2020年に日本の全ての映画館が休業した日の話
前回の記事でノーラン夏祭りについて書きましたが、あの時のことを思い出しながら当時の写真をGoogleフォトで確認したり、自分のTwitterの投稿を読み返したりしているうちに少しずつ記憶が蘇ってきました。
コロナ渦で当時の映画館がどういう状態だったのか、備忘録として書き残しておこうと思います。
2023年にダークナイトのIMAXリバイバル上映がくるかもしれない話
2020年の4月の終わり、ゴールデンウィークの始め頃に日本の全ての映画館が営業を止めました。コロナによる休業要請によって。
私が休業前に観た最後の映画は、3月31日にグランドシネマサンシャインで観た『ジュディ 虹の彼方に』です。世の中は既にコロナによる自粛ムードで、お客は自分を含めて5人しかいませんでした。
4月18日頃にはほとんどの映画館が休業していましたが、最終的には地方の単館系映画館も含めて全ての映画館が休業となりました。その後、東京の映画館が営業を再開するまでにかなりの時間がかかることになります。
5月15日頃に一部映画館の休業要請は解除されましたが、東京近郊ですぐに映画館が再開した地域はなく、東京から日帰り圏内の都道府県でいうと、静岡、栃木、新潟あたりまで行かないと映画館がやっていないという状況でした。
映画館再開後、まず最初に静岡県沼津市の映画館まで行きました。東京から新幹線に乗って。観た映画は『AKIRA』です。
幸いにも新幹線回数券がめちゃくちゃ値崩れしていて往復2000円かからなかったです。コロナで新幹線の利用者がいなかったからで、車両はほぼ貸切の状態でした。
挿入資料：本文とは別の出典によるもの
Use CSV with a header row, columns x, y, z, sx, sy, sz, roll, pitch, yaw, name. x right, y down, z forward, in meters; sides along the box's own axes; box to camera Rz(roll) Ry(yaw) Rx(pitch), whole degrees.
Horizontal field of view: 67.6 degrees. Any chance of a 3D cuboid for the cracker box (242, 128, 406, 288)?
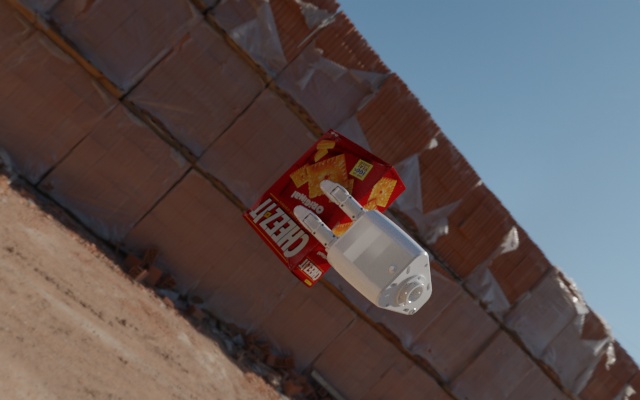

その後、5月20日過ぎから茨城県の映画館が再開したので、つくば市の映画館まで足を運びました。観た映画は『セッション』と『スウィング・キッズ』です。
沼津でもつくばでも映画館のお客は自分を含め2人ずつしかいなかったです。ただ不思議と完全な貸切にはならなかったと記憶しています。
そして東京の大手シネコンが営業を再開し出したのは6月5日頃です。今度は奥さんも連れて『AKIRA』を観に行きました。好きなので。
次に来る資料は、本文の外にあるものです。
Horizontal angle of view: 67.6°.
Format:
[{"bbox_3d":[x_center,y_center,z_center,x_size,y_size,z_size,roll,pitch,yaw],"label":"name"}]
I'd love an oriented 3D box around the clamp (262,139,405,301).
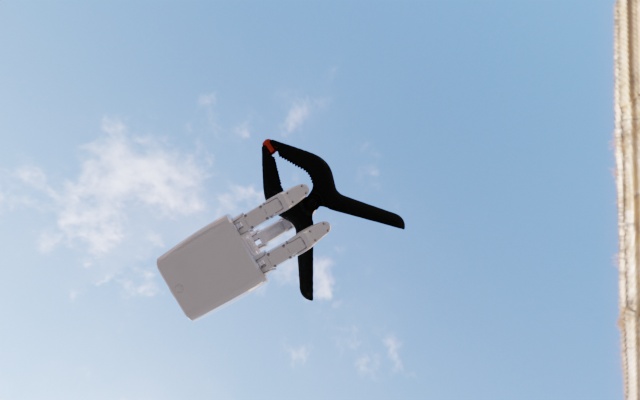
[{"bbox_3d":[0.000,0.002,0.627,0.164,0.210,0.036,-30,0,-5],"label":"clamp"}]

6月12日には『ストーリー・オブ・マイライフ/わたしの若草物語』の上映が始まって、これは数十人程ですがお客さんが来てました。久しぶりに上映されたハリウッドの新作映画なので、ようやく映画が戻ってきたな~という感じがしました。
もちろん映画館が再開したとはいっても、時短営業や座席間引きなど制限のあるなかでのことです。そして、これほど厳しい状況下で東京の映画館再開からわずか1ヶ月後に、ノーラン夏祭りとして4本のリバイバル上映と新作『TENET』の公開に踏み切ったことは特筆すべきことだと思います。全ての映画配給会社がコロナ渦で赤字を出すことを嫌い、サブスク配信に舵を切るなかで一人真っ向から反対の声をあげて、です。
実際にこの後、クリストファー・ノーラン監督は蜜月関係にあったワーナーとの契約が無しになり、新作『オッペンハイマー(原題)』はユニバーサルから予算規模を縮小したうえで公開になるとのことです。サブスク配信に対してはっきりノーと言ったことで、ワーナーとの関係が悪化したと言われていますが、現在の映画業界の復調をみるとノーラン監督が正しかったことは明らかです。
あの状況下でリスクを顧みず映画業界のために『TENET』公開に踏み切ったことはノーラン監督の素晴らしい功績で、一映画ファンとして今後も語り継いでいきたいと思っています。